### SOURCE INFORMATION

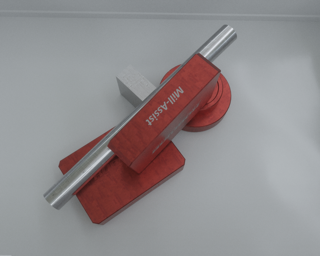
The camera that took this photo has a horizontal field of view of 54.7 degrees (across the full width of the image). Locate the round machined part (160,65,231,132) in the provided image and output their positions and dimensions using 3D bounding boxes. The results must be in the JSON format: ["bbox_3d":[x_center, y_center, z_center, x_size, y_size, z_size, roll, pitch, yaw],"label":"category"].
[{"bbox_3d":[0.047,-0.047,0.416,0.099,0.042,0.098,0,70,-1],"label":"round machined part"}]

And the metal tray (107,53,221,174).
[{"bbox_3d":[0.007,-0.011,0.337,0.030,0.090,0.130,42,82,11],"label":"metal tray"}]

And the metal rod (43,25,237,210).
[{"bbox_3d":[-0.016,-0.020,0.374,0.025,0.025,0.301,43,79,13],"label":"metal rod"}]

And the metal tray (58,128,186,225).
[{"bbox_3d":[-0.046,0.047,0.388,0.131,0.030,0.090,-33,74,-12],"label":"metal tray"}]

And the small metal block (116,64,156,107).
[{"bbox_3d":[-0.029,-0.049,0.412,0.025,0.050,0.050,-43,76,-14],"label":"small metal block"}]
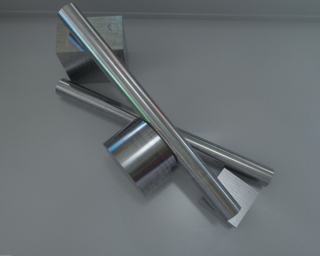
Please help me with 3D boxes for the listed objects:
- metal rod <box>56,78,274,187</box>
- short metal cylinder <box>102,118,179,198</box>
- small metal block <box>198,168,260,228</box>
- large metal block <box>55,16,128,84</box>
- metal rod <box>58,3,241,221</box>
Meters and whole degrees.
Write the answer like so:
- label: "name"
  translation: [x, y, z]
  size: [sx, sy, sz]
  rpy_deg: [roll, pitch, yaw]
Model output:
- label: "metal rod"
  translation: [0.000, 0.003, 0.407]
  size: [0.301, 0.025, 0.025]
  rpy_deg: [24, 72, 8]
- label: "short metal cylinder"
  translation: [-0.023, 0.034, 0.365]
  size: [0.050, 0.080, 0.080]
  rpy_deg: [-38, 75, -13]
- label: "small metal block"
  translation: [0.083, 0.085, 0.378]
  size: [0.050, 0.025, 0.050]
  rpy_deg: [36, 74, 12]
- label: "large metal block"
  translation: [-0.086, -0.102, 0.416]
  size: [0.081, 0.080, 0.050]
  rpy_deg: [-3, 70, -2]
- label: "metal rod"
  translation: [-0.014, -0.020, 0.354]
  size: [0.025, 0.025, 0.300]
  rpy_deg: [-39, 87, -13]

######
### SOURCE INFORMATION

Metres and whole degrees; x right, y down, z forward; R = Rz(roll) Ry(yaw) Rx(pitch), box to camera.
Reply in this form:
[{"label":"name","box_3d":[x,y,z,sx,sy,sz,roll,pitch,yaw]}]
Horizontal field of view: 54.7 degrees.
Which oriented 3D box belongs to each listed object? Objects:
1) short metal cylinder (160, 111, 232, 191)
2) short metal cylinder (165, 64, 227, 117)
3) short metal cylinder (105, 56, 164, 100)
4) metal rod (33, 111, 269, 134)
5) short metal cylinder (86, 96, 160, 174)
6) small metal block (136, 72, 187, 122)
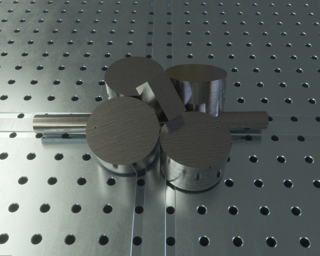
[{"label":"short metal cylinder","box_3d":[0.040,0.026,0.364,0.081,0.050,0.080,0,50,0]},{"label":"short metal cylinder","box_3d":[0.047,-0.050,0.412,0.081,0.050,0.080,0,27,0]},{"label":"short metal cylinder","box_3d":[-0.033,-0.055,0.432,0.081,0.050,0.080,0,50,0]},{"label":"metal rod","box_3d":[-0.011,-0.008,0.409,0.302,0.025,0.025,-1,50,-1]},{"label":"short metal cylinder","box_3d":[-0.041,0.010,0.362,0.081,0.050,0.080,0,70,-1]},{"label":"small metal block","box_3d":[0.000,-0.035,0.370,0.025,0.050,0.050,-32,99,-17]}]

######
### SOURCE INFORMATION

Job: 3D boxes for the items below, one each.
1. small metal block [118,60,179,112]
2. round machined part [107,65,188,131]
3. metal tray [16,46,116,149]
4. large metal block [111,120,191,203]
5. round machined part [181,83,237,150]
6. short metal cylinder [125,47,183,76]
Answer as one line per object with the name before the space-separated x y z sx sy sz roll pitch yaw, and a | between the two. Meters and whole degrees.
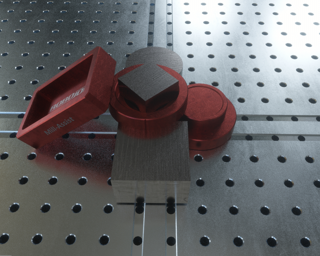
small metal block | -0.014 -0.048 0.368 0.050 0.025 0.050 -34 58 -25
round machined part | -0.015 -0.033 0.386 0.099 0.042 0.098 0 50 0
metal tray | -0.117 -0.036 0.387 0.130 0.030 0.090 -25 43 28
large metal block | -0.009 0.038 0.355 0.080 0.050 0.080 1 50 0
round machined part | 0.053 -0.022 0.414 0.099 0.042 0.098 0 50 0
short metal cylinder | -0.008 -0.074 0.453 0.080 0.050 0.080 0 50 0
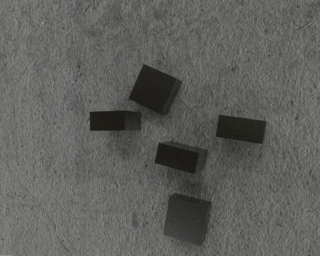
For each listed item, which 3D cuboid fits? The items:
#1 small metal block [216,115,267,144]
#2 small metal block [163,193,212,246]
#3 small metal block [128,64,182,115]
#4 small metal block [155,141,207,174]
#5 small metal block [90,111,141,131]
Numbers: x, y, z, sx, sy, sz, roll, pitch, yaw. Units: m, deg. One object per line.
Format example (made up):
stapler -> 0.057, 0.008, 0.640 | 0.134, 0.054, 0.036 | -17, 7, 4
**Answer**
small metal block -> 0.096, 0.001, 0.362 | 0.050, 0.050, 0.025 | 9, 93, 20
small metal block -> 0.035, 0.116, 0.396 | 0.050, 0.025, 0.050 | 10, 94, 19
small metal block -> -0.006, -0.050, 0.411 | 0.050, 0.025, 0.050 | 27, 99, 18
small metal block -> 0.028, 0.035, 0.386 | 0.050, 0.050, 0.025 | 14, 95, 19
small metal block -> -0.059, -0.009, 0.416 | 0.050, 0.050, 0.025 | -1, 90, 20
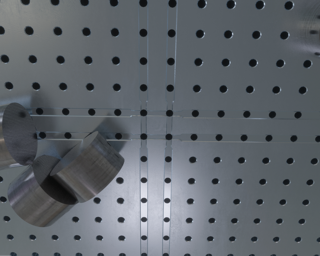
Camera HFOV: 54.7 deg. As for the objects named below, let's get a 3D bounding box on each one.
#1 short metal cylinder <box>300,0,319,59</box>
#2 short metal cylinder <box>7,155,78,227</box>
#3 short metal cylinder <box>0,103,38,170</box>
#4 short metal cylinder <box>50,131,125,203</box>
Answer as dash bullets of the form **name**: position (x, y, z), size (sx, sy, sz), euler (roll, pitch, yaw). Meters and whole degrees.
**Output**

######

## WORK ORDER
Isolate each line of the listing above that includes "items". Copy it.

## RESPONSE AREA
Job: 3D boxes for the items below, one each.
For each listed item, which 3D cuboid fits? The items:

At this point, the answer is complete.